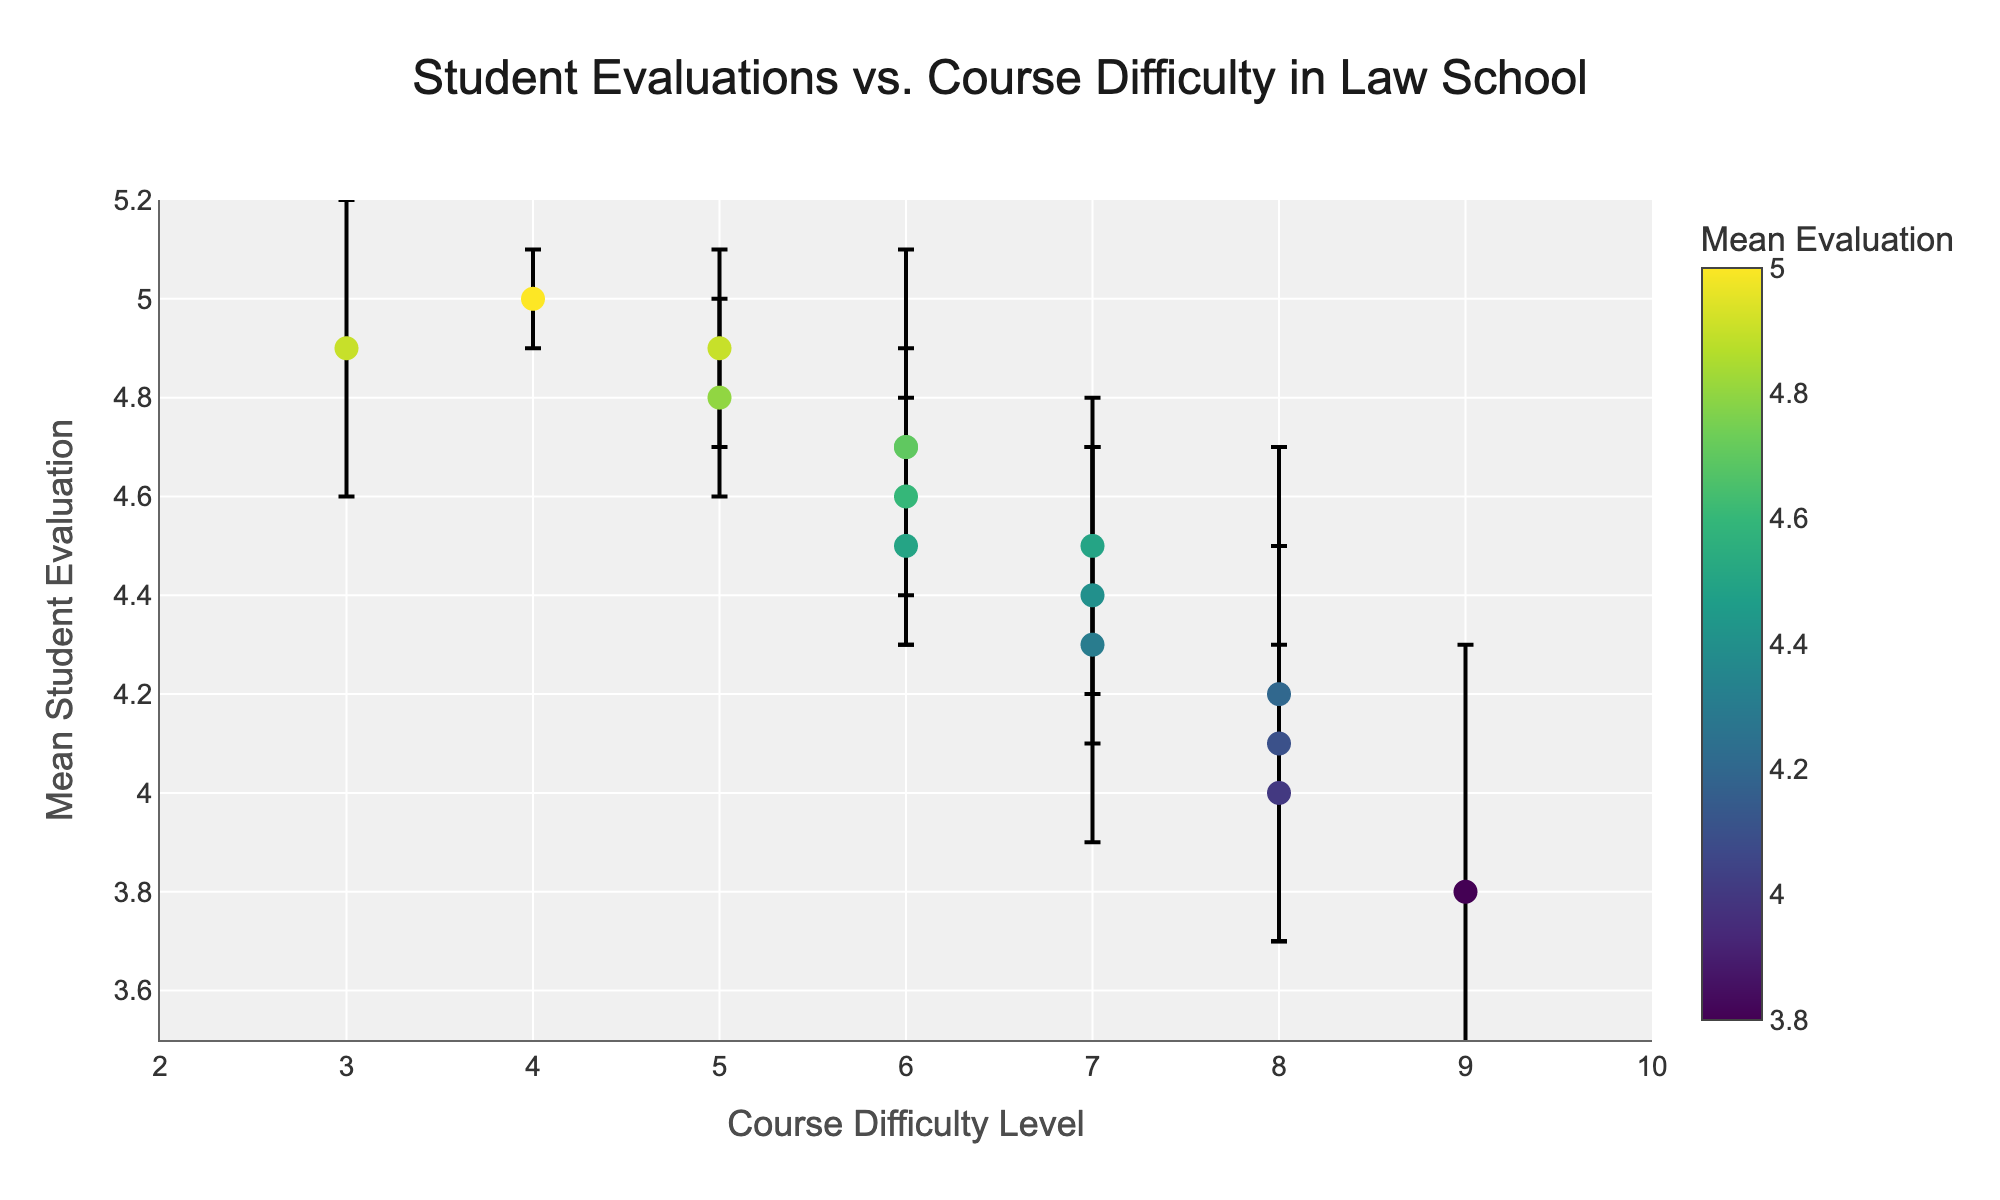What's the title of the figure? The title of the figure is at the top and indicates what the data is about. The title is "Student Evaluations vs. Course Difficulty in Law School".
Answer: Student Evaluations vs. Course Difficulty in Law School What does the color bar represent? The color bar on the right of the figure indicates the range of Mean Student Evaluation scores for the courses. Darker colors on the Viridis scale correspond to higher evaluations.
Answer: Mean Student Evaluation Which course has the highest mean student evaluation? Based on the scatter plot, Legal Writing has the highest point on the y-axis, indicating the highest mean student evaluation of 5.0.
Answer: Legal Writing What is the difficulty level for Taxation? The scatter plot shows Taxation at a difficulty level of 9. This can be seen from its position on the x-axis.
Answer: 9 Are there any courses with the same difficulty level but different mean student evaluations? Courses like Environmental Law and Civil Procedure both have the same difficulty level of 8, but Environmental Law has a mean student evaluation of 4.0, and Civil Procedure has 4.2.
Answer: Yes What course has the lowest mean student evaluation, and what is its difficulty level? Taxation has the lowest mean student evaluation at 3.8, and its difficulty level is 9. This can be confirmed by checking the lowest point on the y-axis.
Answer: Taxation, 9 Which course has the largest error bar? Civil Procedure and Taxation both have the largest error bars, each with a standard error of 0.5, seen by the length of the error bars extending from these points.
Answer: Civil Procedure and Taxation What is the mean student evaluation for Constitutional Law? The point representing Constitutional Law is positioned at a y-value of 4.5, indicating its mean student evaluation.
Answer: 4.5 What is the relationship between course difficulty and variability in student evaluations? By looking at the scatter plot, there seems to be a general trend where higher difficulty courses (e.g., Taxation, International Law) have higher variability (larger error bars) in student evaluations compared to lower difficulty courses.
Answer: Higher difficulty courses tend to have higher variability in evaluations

WHAT IS EXPECTED:
The range runs from the line with "Answer: 4.5 What" to the last line of the entries above, both included. Restate it word for word.

FINAL ANSWER:
Answer: 4.5 What is the relationship between course difficulty and variability in student evaluations? By looking at the scatter plot, there seems to be a general trend where higher difficulty courses (e.g., Taxation, International Law) have higher variability (larger error bars) in student evaluations compared to lower difficulty courses.
Answer: Higher difficulty courses tend to have higher variability in evaluations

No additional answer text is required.